Slack
Team chat with channels, threads, search, and presence.
Open the interactive version → diagrams, practice & moreRequirements
Functional
- Channels/DMs/threads
- Realtime delivery
- Search history
- Presence/notifications
Non-functional
- Low latency
- Searchable history
Scale
Large workspaces
The approach
WebSocket gateways + per-channel pub/sub (like Discord); messages persisted and indexed for search; per-workspace sharding; notification service for mentions.
Key components
WS gateway ⇄ pub/sub · message store + search index · notifications
Numbers that matter
- Slack processes roughly 1 million messages/day per large enterprise workspace; a 10k-seat org can spike at hundreds of messages/second during an incident or all-hands.
- WebSocket ping/pong heartbeat interval is typically 30 seconds; missing 2 consecutive beats triggers reconnect to avoid ghost connections accumulating on gateways.
- Message fan-out latency target is <500ms p99 from send to delivery on all connected clients in the same channel; p50 is typically <100ms over a regional pub/sub bus.
- Elasticsearch index per workspace; large workspaces with 10+ million messages require index splitting and alias routing to keep shard sizes under ~50GB for query performance.
Senior deep-dive
Per-workspace sharding is the real architectural decision — it lets you co-locate all channel, message, and member data for one org, making fan-out cheap and permission checks local.
WebSocket gateways are stateful and that's intentional — each gateway tracks which channels a connection is subscribed to; the pub/sub bus (Kafka/Redis) fans messages only to gateways that have a subscriber, not every gateway in the fleet.
Search is a first-class product, not an afterthought — messages are indexed into Elasticsearch per-workspace with custom analyzers for code/emoji; a naive Lucene default will miss user expectations.
Workspace sharding: keep the org together
Sharding by workspace (not by user or channel) means all data for one org lives on one shard set — cross-channel permission checks are local joins, not distributed queries. The tradeoff: a single mega-workspace (a 200k-seat enterprise) can exceed one shard's capacity. Slack handles this with intra-workspace sub-sharding once a workspace crosses a threshold, which complicates routing logic.
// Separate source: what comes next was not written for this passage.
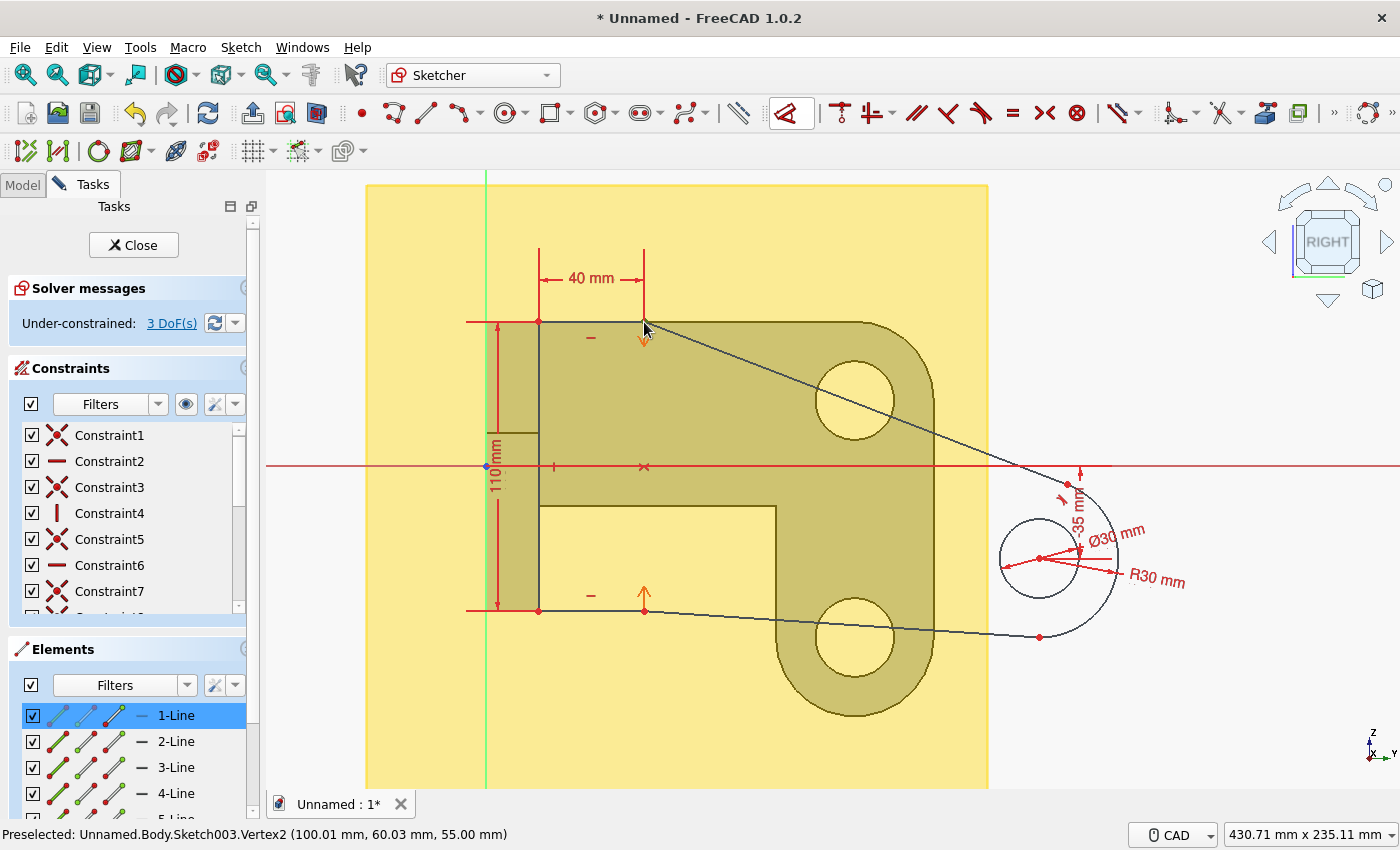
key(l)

WebSocket gateway: stateful by design
Each gateway process holds an in-memory subscription map (connection → set of channel IDs). When a message arrives from the pub/sub bus, the gateway checks its local map and pushes only to relevant sockets — this is far cheaper than broadcasting and re-filtering at the client. The tradeoff is failover state loss: when a gateway crashes, clients must reconnect and re-subscribe, causing a reconnect storm you must rate-limit with jitter.
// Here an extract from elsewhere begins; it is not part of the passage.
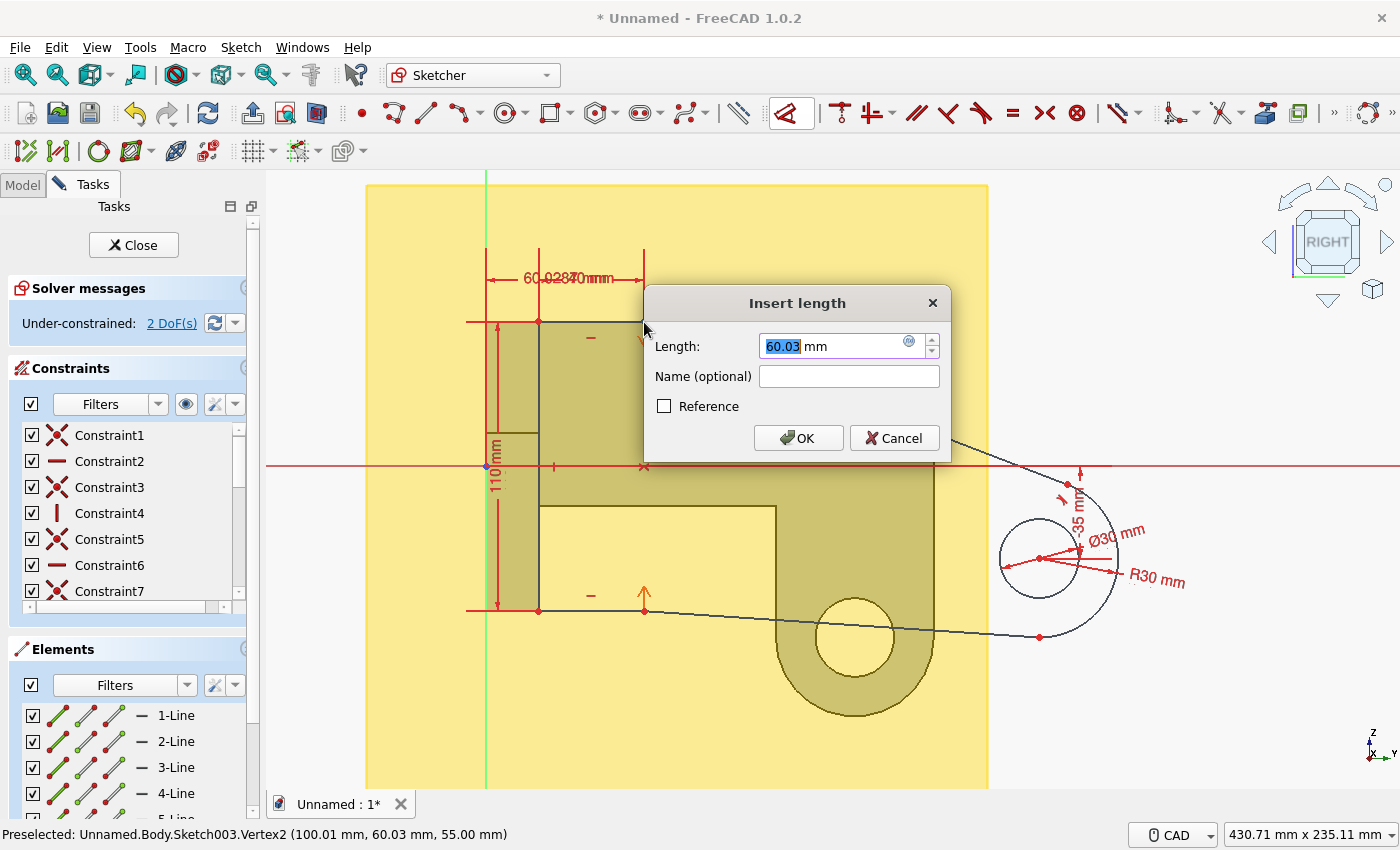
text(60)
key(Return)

Message delivery: at-least-once with client dedup
Slack uses client-assigned nonces on outgoing messages so the server can dedup retried sends. The server assigns a canonical message timestamp (ts) as the immutable ID used in all APIs — this timestamp encodes order within a channel. Delivery receipts are not per-message ACKs from recipients; they're send-side confirmations from the server, keeping the hot path lean.
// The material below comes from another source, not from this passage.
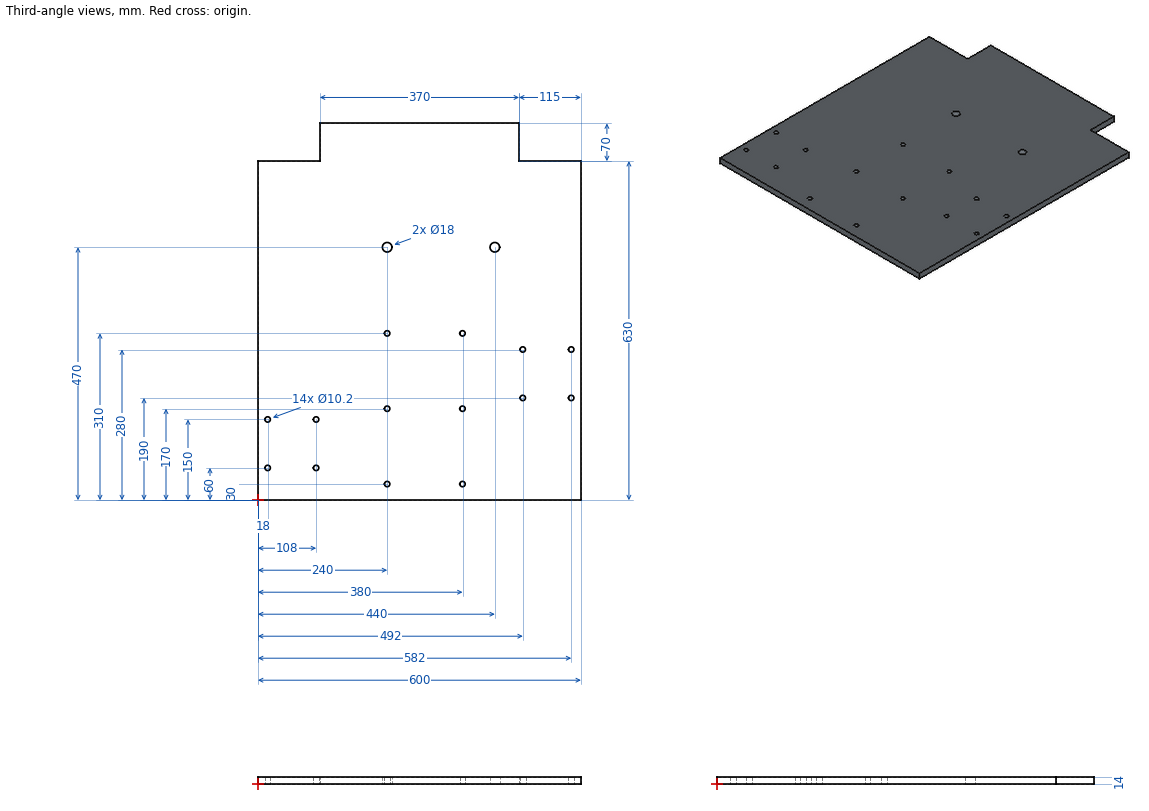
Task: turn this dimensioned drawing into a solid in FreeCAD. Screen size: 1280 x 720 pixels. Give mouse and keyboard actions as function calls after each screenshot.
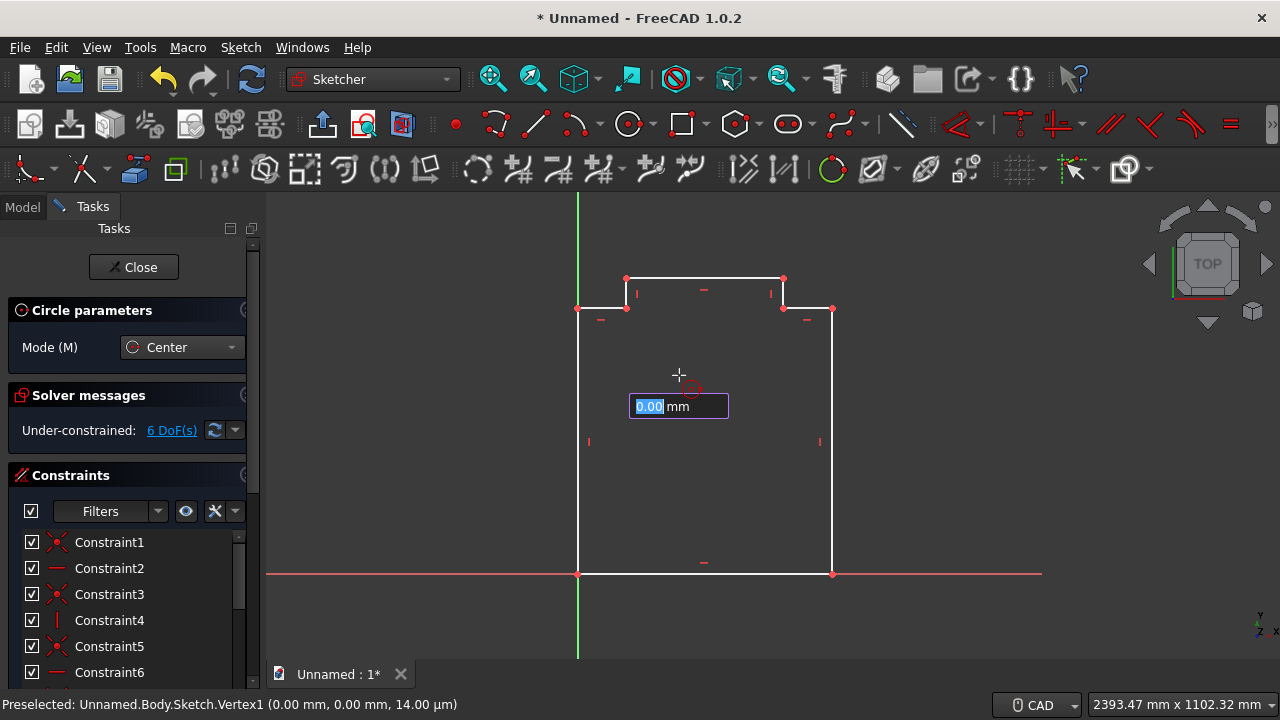
scroll(682, 372, up, 8)

Presence and typing: the silent scaling trap
Broadcasting raw "typing" events would produce O(members × typists) fan-out per channel per second — catastrophic for large channels. The gateway coalesces typing signals into a periodic broadcast (e.g. every 1-2 seconds, "these users are typing") and drops duplicates. Presence (online/away) uses a TTL-based heartbeat in Redis; missing N heartbeats transitions the user to away, avoiding a thundering-herd of explicit offline events on mass disconnects.
Search: workspace-isolated Elasticsearch
Each workspace gets its own Elasticsearch index (or alias routing to a slice of a shared cluster). Custom analyzers handle code tokens, @mentions, and emoji. The challenge is permission-aware search — not every member can see every channel, so results must be filtered post-search against the caller's membership set; returning fewer results than requested per page is expected and not a bug.
What breaks at scale
Channel fan-out is the primary failure mode: a 100k-member announcement channel where every message fans out to tens of thousands of WebSocket connections can saturate the pub/sub bus and gateway CPUs simultaneously. Gateway reconnect storms after a rolling restart or AZ failure compound this — without exponential backoff + jitter on the client, every socket reconnects in the same second. Index lag during bulk import (onboarding a new enterprise with millions of archived Slack messages) can make search appear broken for hours post-migration.
In production
Slack's actual architecture uses Vitess-sharded MySQL per workspace for messages and a Kafka-backed pub/sub for real-time delivery to WebSocket gateways. The hard problem is presence and typing indicators at scale — naively broadcasting every "user is typing" event from a 10k-member channel creates a fan-out storm; Slack rate-limits and coalesces these signals server-side before fanning out. Threads were bolted on after the original flat-message model and required a non-trivial schema change to support parent/child message relationships without blowing up channel read queries.
Common mistakes
- No search index (history unusable)
- Cross-workspace shared infra (noisy neighbors)
- Per-user fan-out instead of per-channel